Leetcode

Validate Binary Search Tree

Approach 1: Recursive

  • Time:O(n)
  • Space:O(h)

C++

class Solution {
 public:
  bool isValidBST(TreeNode* root) {
    return isValidBST(root, nullptr, nullptr);
  }

 private:
  bool isValidBST(TreeNode* root, TreeNode* minNode, TreeNode* maxNode) {
    if (!root)
      return true;
    if (minNode && root->val <= minNode->val)
      return false;
    if (maxNode && root->val >= maxNode->val)
      return false;

    return isValidBST(root->left, minNode, root) &&
           isValidBST(root->right, root, maxNode);
  }
};

JAVA

class Solution {
  public boolean isValidBST(TreeNode root) {
    return isValidBST(root, null, null);
  }

  private boolean isValidBST(TreeNode root, TreeNode minNode, TreeNode maxNode) {
    if (root == null)
      return true;
    if (minNode != null && root.val <= minNode.val)
      return false;
    if (maxNode != null && root.val >= maxNode.val)
      return false;

    return isValidBST(root.left, minNode, root) &&
           isValidBST(root.right, root, maxNode);
  }
}

Python

class Solution:
  def isValidBST(self, root: Optional[TreeNode]) -> bool:
    def isValidBST(root: Optional[TreeNode],
                   minNode: Optional[TreeNode], maxNode: Optional[TreeNode]) -> bool:
      if not root:
        return True
      if minNode and root.val <= minNode.val:
        return False
      if maxNode and root.val >= maxNode.val:
        return False

      return isValidBST(root.left, minNode, root) and \
          isValidBST(root.right, root, maxNode)

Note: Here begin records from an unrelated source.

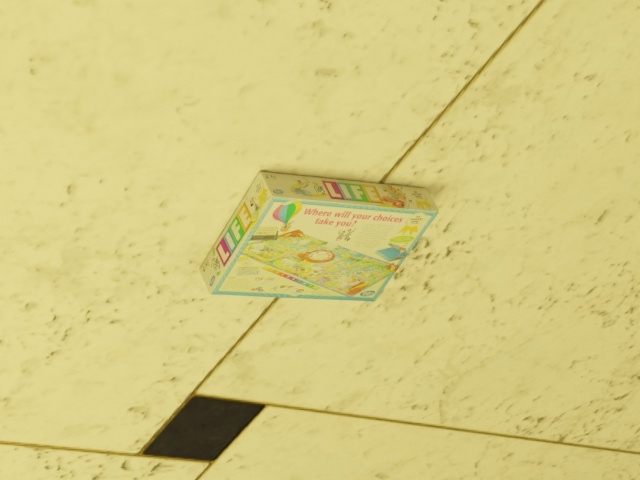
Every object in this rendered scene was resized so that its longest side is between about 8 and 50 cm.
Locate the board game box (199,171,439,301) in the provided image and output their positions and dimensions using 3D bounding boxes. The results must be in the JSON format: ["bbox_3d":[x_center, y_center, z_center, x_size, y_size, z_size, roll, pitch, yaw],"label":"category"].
[{"bbox_3d":[0.000,0.000,1.119,0.154,0.026,0.103,5,134,-36],"label":"board game box"}]
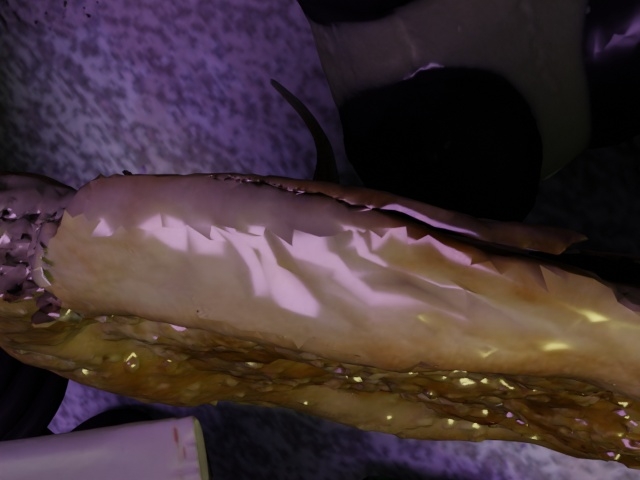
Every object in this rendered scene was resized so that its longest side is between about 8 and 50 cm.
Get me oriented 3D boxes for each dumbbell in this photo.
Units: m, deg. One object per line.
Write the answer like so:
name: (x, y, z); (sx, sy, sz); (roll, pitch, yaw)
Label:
dumbbell: (-0.149, 0.109, 0.878); (0.099, 0.099, 0.208); (-10, 136, 39)

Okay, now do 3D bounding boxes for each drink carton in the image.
drink carton: (-0.107, 0.166, 0.754); (0.222, 0.134, 0.102); (89, 171, -66)

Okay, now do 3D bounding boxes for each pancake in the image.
pancake: (0.042, 0.038, 0.581); (0.382, 0.382, 0.071); (5, 80, 33)

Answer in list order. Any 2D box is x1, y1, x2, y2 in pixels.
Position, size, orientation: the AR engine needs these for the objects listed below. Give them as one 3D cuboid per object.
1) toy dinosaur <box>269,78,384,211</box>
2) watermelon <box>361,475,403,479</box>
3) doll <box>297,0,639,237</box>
toy dinosaur: (0.013, 0.004, 0.762); (0.058, 0.037, 0.180); (11, 123, 24)
watermelon: (0.107, 0.317, 0.767); (0.292, 0.222, 0.319); (13, 123, 34)
doll: (0.044, -0.113, 0.599); (0.135, 0.143, 0.234); (29, 146, 56)
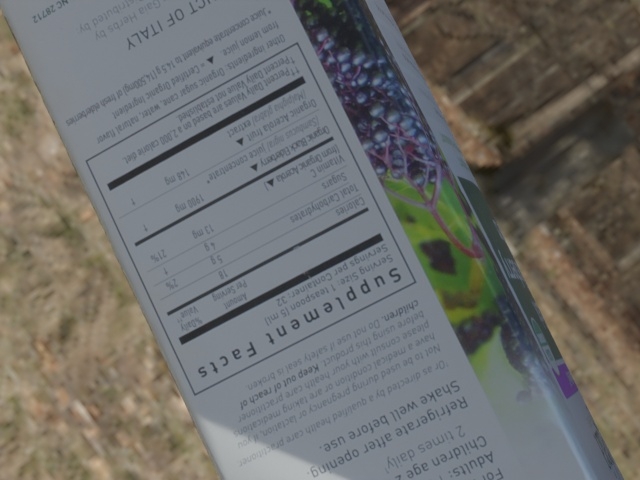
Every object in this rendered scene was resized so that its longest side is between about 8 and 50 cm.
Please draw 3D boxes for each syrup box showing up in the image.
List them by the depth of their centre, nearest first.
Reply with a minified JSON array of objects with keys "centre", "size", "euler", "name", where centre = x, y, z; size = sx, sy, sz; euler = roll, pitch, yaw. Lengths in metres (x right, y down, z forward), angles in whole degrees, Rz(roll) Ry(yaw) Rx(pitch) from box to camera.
[{"centre":[0.000,0.000,0.445],"size":[0.237,0.096,0.093],"euler":[63,11,9],"name":"syrup box"}]

    return isValidBST(root, None, None)

Approach 2: Iterative (stack)

  • Time:O(n)
  • Space:O(h)

C++

class Solution {
 public:
  bool isValidBST(TreeNode* root) {
    stack<TreeNode*> stack;
    TreeNode* pred = nullptr;

    while (root || !stack.empty()) {
      while (root) {
        stack.push(root);
        root = root->left;
      }
      root = stack.top(), stack.pop();
      if (pred && pred->val >= root->val)
        return false;
      pred = root;
      root = root->right;
    }

    return true;
  }
};

JAVA

class Solution {
  public boolean isValidBST(TreeNode root) {
    Deque<TreeNode> stack = new ArrayDeque<>();
    TreeNode pred = null;

    while (root != null || !stack.isEmpty()) {
      while (root != null) {
        stack.push(root);
        root = root.left;
      }
      root = stack.pop();
      if (pred != null && pred.val >= root.val)
        return false;
      pred = root;
      root = root.right;
    }

    return true;
  }
}

Python

class Solution:
  def isValidBST(self, root: Optional[TreeNode]) -> bool:
    stack = []
    pred = None

    while root or stack:
      while root:
        stack.append(root)
        root = root.left
      root = stack.pop()
      if pred and pred.val >= root.val:
        return False
      pred = root
      root = root.right

    return True